MICROGRIDS: Ameren Illinois sees increasing potential for microgrids to “economically dispatch” renewable energy to the grid when it is cost effective. (St. Louis Post-Dispatch)

OIL AND GAS: A North Dakota utility is building a 21-mile pipeline to provide natural gas to a manufacturing facility in the southeast region of the state. (Associated Press)

ELECTRIC VEHICLES: Madison, Wisconsin’s transit agency is awarded $1.3 million in federal funding to purchase three electric buses in 2019. (Wisconsin State Journal)

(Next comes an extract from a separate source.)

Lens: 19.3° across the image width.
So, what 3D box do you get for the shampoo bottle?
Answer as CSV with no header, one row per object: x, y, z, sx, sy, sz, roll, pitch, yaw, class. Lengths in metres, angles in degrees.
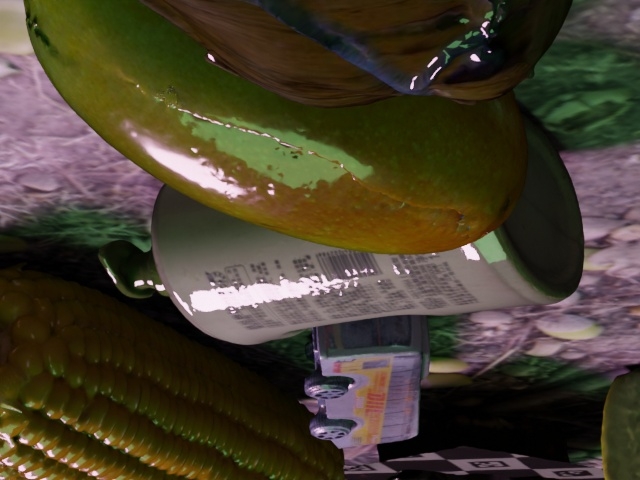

FRAC SAND: A judge dismisses a three-year-old lawsuit brought against a Wisconsin county by a sand mining company that was denied a permit for a frac sand operation. (LaCrosse Tribune)

CLIMATE: The first director of Dane County, Wisconsin’s Office of Energy and Climate Change discusses the approaches that will be taken to reduce carbon emissions. (Madison Capital Times)

UTILITIES: Grid pilot programs help keep the cost and risk of innovation low for utilities as more programs are being ordered by state regulators. (Utility Dive)

CLEAN TECH: An electrical engineer in Michigan designs a device that produces renewable energy through saturation vapor pressure. (Michigan Radio)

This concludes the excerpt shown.